### Exercise prompt:
Each line of the data must be reproduced as it appears.

Saved entries
—————

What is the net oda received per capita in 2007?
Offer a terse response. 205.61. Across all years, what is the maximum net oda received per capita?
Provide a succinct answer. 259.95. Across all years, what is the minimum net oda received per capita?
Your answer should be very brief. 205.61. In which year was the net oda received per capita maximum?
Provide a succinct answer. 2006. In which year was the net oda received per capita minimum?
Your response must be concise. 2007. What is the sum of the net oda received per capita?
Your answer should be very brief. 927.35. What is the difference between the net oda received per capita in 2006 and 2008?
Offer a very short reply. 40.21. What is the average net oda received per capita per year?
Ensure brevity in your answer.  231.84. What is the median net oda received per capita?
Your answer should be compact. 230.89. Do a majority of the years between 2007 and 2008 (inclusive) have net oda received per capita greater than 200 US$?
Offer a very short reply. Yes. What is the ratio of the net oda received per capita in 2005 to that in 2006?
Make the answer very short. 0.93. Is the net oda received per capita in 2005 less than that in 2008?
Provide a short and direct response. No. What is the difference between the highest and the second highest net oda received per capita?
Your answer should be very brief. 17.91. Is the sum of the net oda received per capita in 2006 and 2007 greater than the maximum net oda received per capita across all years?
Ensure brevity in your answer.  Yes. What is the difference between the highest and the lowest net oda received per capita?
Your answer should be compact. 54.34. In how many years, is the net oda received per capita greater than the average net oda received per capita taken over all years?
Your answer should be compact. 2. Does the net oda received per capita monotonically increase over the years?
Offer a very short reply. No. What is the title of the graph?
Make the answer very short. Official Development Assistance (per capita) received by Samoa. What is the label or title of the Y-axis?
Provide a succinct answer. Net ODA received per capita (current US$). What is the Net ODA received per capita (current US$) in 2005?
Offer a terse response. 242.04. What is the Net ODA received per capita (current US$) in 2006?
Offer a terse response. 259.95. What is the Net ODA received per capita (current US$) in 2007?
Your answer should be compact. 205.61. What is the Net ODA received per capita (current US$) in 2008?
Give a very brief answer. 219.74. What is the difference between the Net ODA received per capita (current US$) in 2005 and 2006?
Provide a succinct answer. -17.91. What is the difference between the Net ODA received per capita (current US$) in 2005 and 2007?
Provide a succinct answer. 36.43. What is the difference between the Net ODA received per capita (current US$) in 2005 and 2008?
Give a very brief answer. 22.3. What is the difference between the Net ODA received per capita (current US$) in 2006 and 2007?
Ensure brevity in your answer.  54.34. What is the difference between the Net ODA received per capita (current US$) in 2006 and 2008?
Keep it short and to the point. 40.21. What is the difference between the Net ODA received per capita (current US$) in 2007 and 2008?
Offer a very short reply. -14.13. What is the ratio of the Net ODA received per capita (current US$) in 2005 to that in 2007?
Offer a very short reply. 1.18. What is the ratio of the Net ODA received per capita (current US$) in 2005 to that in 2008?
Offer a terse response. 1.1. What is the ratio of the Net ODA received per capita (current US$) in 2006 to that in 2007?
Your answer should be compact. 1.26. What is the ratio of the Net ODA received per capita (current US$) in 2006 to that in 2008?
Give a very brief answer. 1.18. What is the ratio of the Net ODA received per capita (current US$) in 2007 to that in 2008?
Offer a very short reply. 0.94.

—————

### Result below:
What is the net oda received per capita in 2007?
Offer a terse response. 205.61. Across all years, what is the maximum net oda received per capita?
Provide a succinct answer. 259.95. Across all years, what is the minimum net oda received per capita?
Your answer should be very brief. 205.61. In which year was the net oda received per capita maximum?
Provide a succinct answer. 2006. In which year was the net oda received per capita minimum?
Your response must be concise. 2007. What is the sum of the net oda received per capita?
Your answer should be very brief. 927.35. What is the difference between the net oda received per capita in 2006 and 2008?
Offer a very short reply. 40.21. What is the average net oda received per capita per year?
Ensure brevity in your answer.  231.84. What is the median net oda received per capita?
Your answer should be compact. 230.89. Do a majority of the years between 2007 and 2008 (inclusive) have net oda received per capita greater than 200 US$?
Offer a very short reply. Yes. What is the ratio of the net oda received per capita in 2005 to that in 2006?
Make the answer very short. 0.93. Is the net oda received per capita in 2005 less than that in 2008?
Provide a short and direct response. No. What is the difference between the highest and the second highest net oda received per capita?
Your answer should be very brief. 17.91. Is the sum of the net oda received per capita in 2006 and 2007 greater than the maximum net oda received per capita across all years?
Ensure brevity in your answer.  Yes. What is the difference between the highest and the lowest net oda received per capita?
Your answer should be compact. 54.34. In how many years, is the net oda received per capita greater than the average net oda received per capita taken over all years?
Your answer should be compact. 2. Does the net oda received per capita monotonically increase over the years?
Offer a very short reply. No. What is the title of the graph?
Make the answer very short. Official Development Assistance (per capita) received by Samoa. What is the label or title of the Y-axis?
Provide a succinct answer. Net ODA received per capita (current US$). What is the Net ODA received per capita (current US$) in 2005?
Offer a terse response. 242.04. What is the Net ODA received per capita (current US$) in 2006?
Offer a terse response. 259.95. What is the Net ODA received per capita (current US$) in 2007?
Your answer should be compact. 205.61. What is the Net ODA received per capita (current US$) in 2008?
Give a very brief answer. 219.74. What is the difference between the Net ODA received per capita (current US$) in 2005 and 2006?
Provide a succinct answer. -17.91. What is the difference between the Net ODA received per capita (current US$) in 2005 and 2007?
Provide a succinct answer. 36.43. What is the difference between the Net ODA received per capita (current US$) in 2005 and 2008?
Give a very brief answer. 22.3. What is the difference between the Net ODA received per capita (current US$) in 2006 and 2007?
Ensure brevity in your answer.  54.34. What is the difference between the Net ODA received per capita (current US$) in 2006 and 2008?
Keep it short and to the point. 40.21. What is the difference between the Net ODA received per capita (current US$) in 2007 and 2008?
Offer a very short reply. -14.13. What is the ratio of the Net ODA received per capita (current US$) in 2005 to that in 2007?
Offer a very short reply. 1.18. What is the ratio of the Net ODA received per capita (current US$) in 2005 to that in 2008?
Offer a terse response. 1.1. What is the ratio of the Net ODA received per capita (current US$) in 2006 to that in 2007?
Your answer should be compact. 1.26. What is the ratio of the Net ODA received per capita (current US$) in 2006 to that in 2008?
Give a very brief answer. 1.18. What is the ratio of the Net ODA received per capita (current US$) in 2007 to that in 2008?
Offer a very short reply. 0.94.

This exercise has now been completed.